Van Holst Pellekaan agrees.

“The state and federal governments have been able to unlock extraordinary resources, which three months ago would never have seemed possible in a way to support the economy,” he said. “To help people stay through this process and hopefully come out okay at the other end.

“So why can’t we use that same sort of intention and desire and, and financial capacity to support a push to greater renewable energy, cleaner economy and less fossil fuels. That makes perfect sense to me.

“The types of things that we’re looking for; we want to be able to help with stimulus, we want to create greater productivity as we come out and we also wants to create greater other benefit opportunities, like a cleaner economy when we come out the other end.

“The things that we’re doing with our energy policies are about trying to create jobs at the moment, trying to create greater productivity and also work towards a cleaner economy down the track.”

And the scientists and the experts have plenty to say. AEMO has mapped out a blue-print for 90 per cent renewables by 2040, and says up to 75 per cent wind and solar at times could be possible within 5 years, if the market and regulatory reforms are delivered.

At the Stimulus Summit, Professor Ross Garnaut talked of the enormous opportunities in embracing the clean energy transition, and the terrible consequences if Australia failed to do so. Anna Skarbek from ClimateWorks laid out a plan to decarbonise, and grow jobs and the economy at the same time. Beyond Zero Emissions identified how one million jobs could be created.

Numerous other experts pointed to the huge potential of projects both large and small, to mega complexes delivering clean energy for export, solar programs designed for low income housing, clean fuels to underpin a transition in manufacturing, new transmission lines opening up new mineral provinces and manufacturing in the north, and projects delivering jobs, investment and income for farmers in the regions.

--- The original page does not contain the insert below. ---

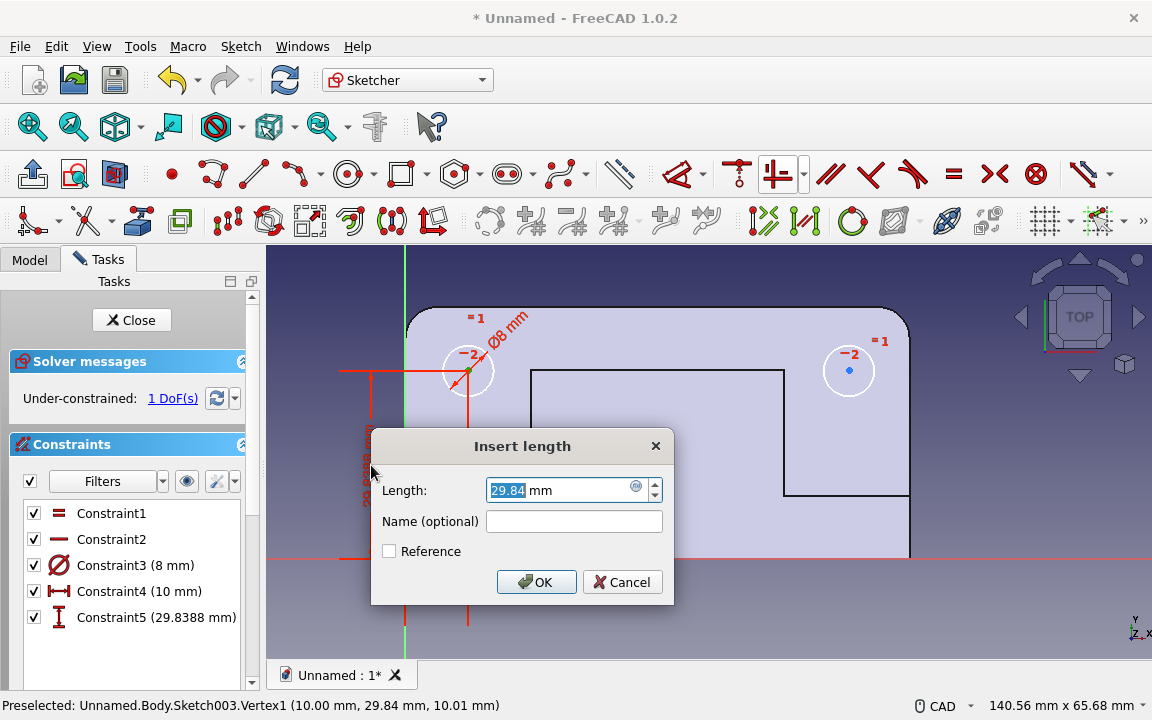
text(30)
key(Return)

Many of these projects have been touted before. But Simon Corbell, the former ACT minister, Victoria renewable energy advocate and now industry advisor, put it this way in his presentation to the Stimulus Summit titled “Resilience and regenerative impact: Can the National Cabinet decarbonise Australia?”

The idea of returning to business as usual – the “gas fired recovery” promoted by Pitt, Taylor and many business lobby groups – would simply invite huge risk on price, emissions and supply chains, and for water and the environment, Corbell says. Best, he suggested, to put not just “exploitative” development behind, but also substitute “sustainable” development with “regenerative” development.

This would include mega scale and distributed renewable energy projects that generate surplus electricity for low-cost heavy industry processing and manufacturing, transport and new export markets, and support for new technologies such as carbon absorbing cement, carbon-negative plastics, biogenic building materials, and carbon-negative landscaping.

It also means recharging depleted aquifers and rivers from urban water reuse and zero carbon desalination, restoring soils and balance in bioregions through circular economy principles from urban and agricultural waste streams, and increased carbon farming investments.

It will be the only way to flatten the other big curve, and it will need another effort from a national cabinet, and a common vision based on science, economics and engineering. And as The Climate Council and the ACF reminded us, there is a great sense of urgency. Australia, and the world, has a decade to get this right.

John Grimes, CEO of the Smart Energy Council, which co-hosted the Stimulus Summit with RenewEconomy, said: “We can and must revitalise Australia’s economy at the same time as we decarbonise. The smart energy industry is ready right now to deliver screwdriver and shovel ready projects, creating new jobs and investment across the nation.”

Note: More than 3,500 people registered for the Stimulus Summit, and more than 2,400 people tuned in.